- WHAT YOU WILL DO:
Write the entries out exactly, with the final line being the one containing "forklift body <box>0,0,281,59</box>".

:::::

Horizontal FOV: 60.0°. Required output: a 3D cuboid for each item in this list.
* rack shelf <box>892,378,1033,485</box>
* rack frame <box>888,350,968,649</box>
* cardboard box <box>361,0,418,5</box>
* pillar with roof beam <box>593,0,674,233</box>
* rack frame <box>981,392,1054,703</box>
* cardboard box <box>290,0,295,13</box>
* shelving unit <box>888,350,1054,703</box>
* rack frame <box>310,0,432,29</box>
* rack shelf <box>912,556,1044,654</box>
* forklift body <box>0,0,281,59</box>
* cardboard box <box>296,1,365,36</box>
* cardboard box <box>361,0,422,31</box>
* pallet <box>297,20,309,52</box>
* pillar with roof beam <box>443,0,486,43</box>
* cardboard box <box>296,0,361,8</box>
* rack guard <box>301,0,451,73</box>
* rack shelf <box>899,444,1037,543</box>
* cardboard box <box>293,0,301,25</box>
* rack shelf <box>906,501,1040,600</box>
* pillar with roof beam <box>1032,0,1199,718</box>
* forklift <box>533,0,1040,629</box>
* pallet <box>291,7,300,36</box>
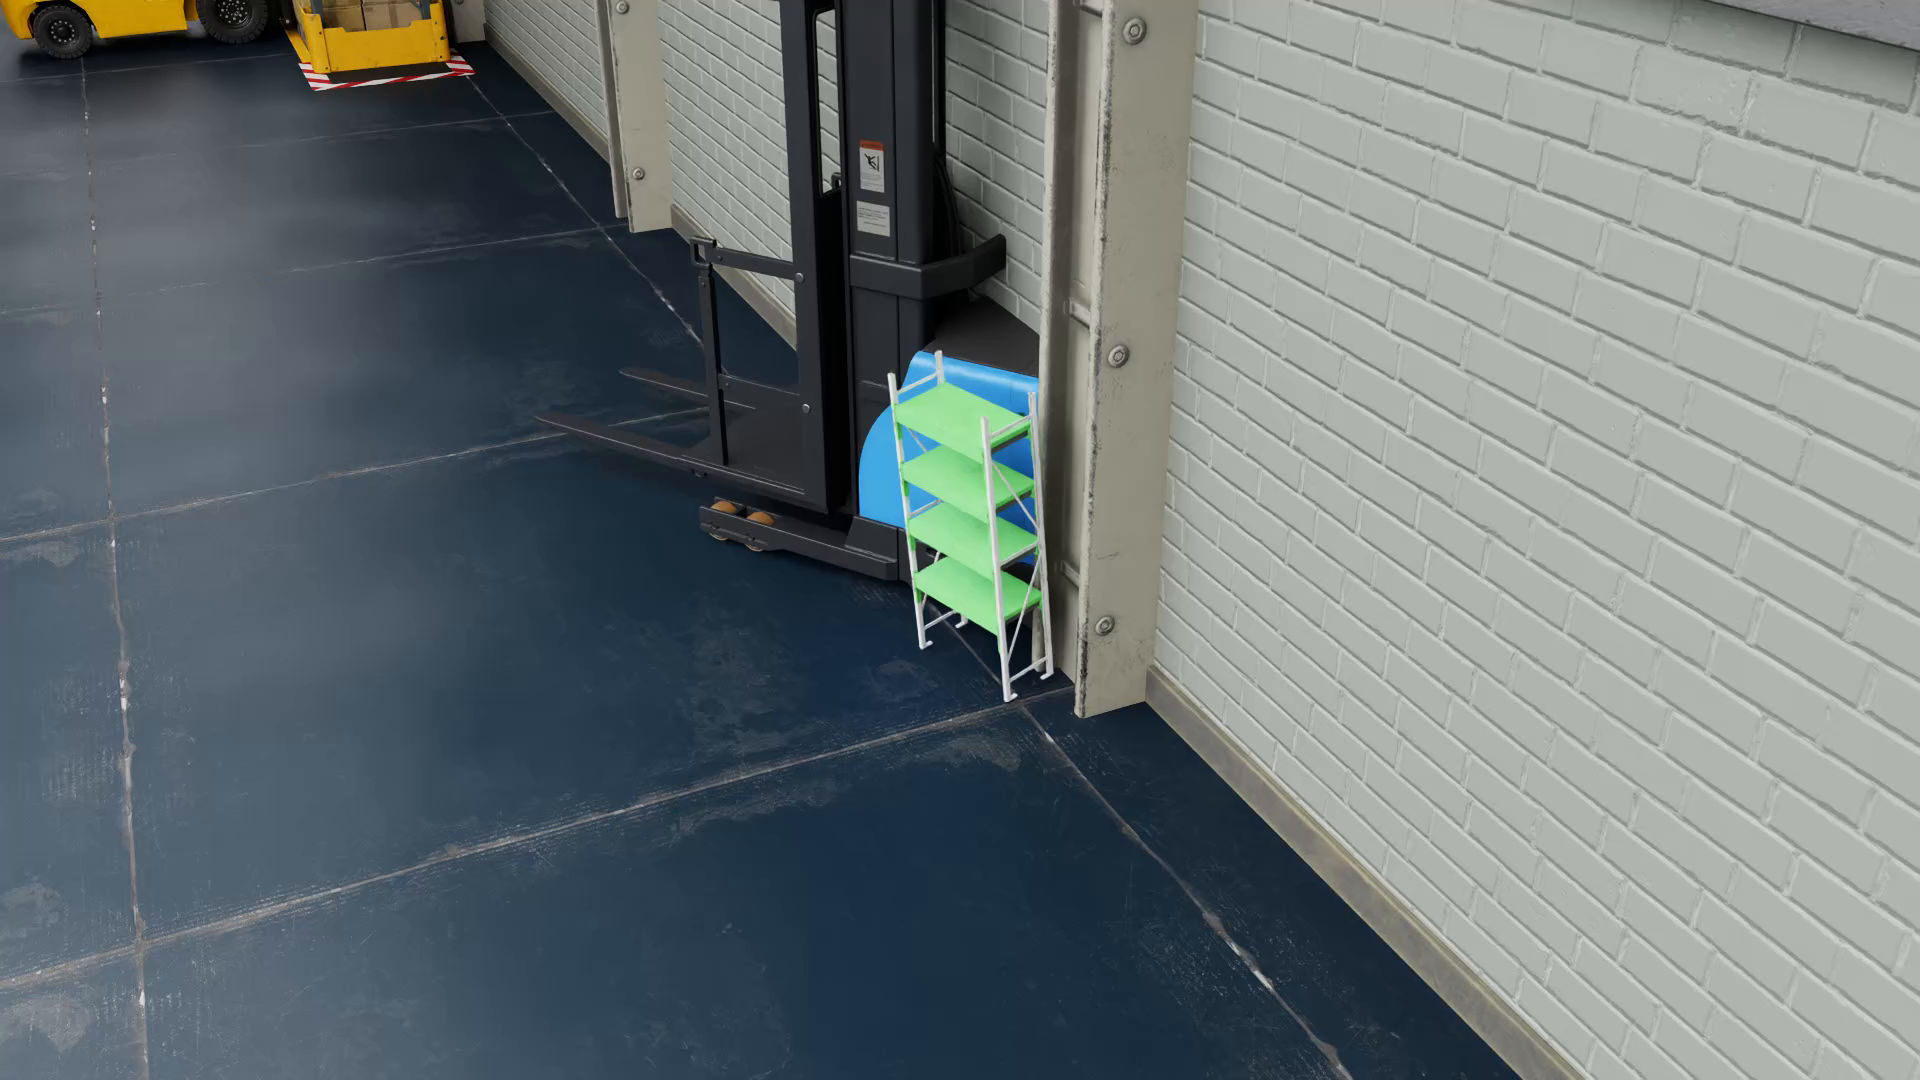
[{"bbox_3d":[0.016,-0.387,5.841,0.258,0.148,0.480,-29,39,-32],"label":"rack shelf"},{"bbox_3d":[-0.111,-0.128,6.227,0.240,1.200,0.015,-29,39,-32],"label":"rack frame"},{"bbox_3d":[-5.185,-5.031,15.026,0.500,0.250,0.500,-12,32,-21],"label":"cardboard box"},{"bbox_3d":[-5.968,-5.137,7.210,9.100,9.000,0.400,-13,32,-22],"label":"pillar with roof beam"},{"bbox_3d":[0.211,0.049,5.906,0.240,1.200,0.015,-29,39,-32],"label":"rack frame"},{"bbox_3d":[-6.069,-5.147,15.745,0.500,0.250,0.500,-13,32,-21],"label":"cardboard box"},{"bbox_3d":[0.050,-0.039,6.067,0.258,1.200,0.503,-29,39,-32],"label":"shelving unit"},{"bbox_3d":[-5.171,-5.578,14.130,1.000,3.000,0.127,-13,32,-22],"label":"rack frame"},{"bbox_3d":[0.075,0.215,6.231,0.258,0.148,0.480,-29,39,-32],"label":"rack shelf"},{"bbox_3d":[-7.632,-5.662,15.149,2.313,2.155,1.214,-13,32,-22],"label":"forklift body"},{"bbox_3d":[-5.658,-4.703,14.952,0.500,0.250,0.500,-13,32,-22],"label":"cardboard box"},{"bbox_3d":[-5.205,-4.820,15.160,0.500,0.250,0.500,-13,32,-22],"label":"cardboard box"},{"bbox_3d":[-5.537,-4.691,15.399,1.003,0.211,1.213,-13,32,-22],"label":"pallet"},{"bbox_3d":[-8.544,-7.787,11.937,9.100,9.000,0.400,-13,32,-22],"label":"pillar with roof beam"},{"bbox_3d":[-5.662,-4.929,14.844,0.500,0.250,0.500,-14,32,-23],"label":"cardboard box"},{"bbox_3d":[-5.160,-4.477,14.723,1.175,0.500,0.348,-13,32,-22],"label":"rack guard"},{"bbox_3d":[0.036,-0.187,5.971,0.258,0.148,0.480,-29,39,-32],"label":"rack shelf"},{"bbox_3d":[-5.863,-4.925,15.347,0.500,0.250,0.500,-13,32,-22],"label":"cardboard box"},{"bbox_3d":[0.055,0.014,6.101,0.258,0.148,0.480,-29,39,-32],"label":"rack shelf"},{"bbox_3d":[-3.392,-2.487,2.484,9.100,9.000,0.400,-13,32,-22],"label":"pillar with roof beam"},{"bbox_3d":[-0.541,-1.434,6.811,3.031,2.935,1.130,16,33,26],"label":"forklift"},{"bbox_3d":[-6.056,-5.229,16.359,1.003,0.211,1.213,-13,32,-22],"label":"pallet"}]

:::::

- WRITTEN ANSWER:
Horizontal FOV: 60.0°. Required output: a 3D cuboid for each item in this list.
* rack shelf <box>892,378,1033,485</box>
* rack frame <box>888,350,968,649</box>
* cardboard box <box>361,0,418,5</box>
* pillar with roof beam <box>593,0,674,233</box>
* rack frame <box>981,392,1054,703</box>
* cardboard box <box>290,0,295,13</box>
* shelving unit <box>888,350,1054,703</box>
* rack frame <box>310,0,432,29</box>
* rack shelf <box>912,556,1044,654</box>
* forklift body <box>0,0,281,59</box>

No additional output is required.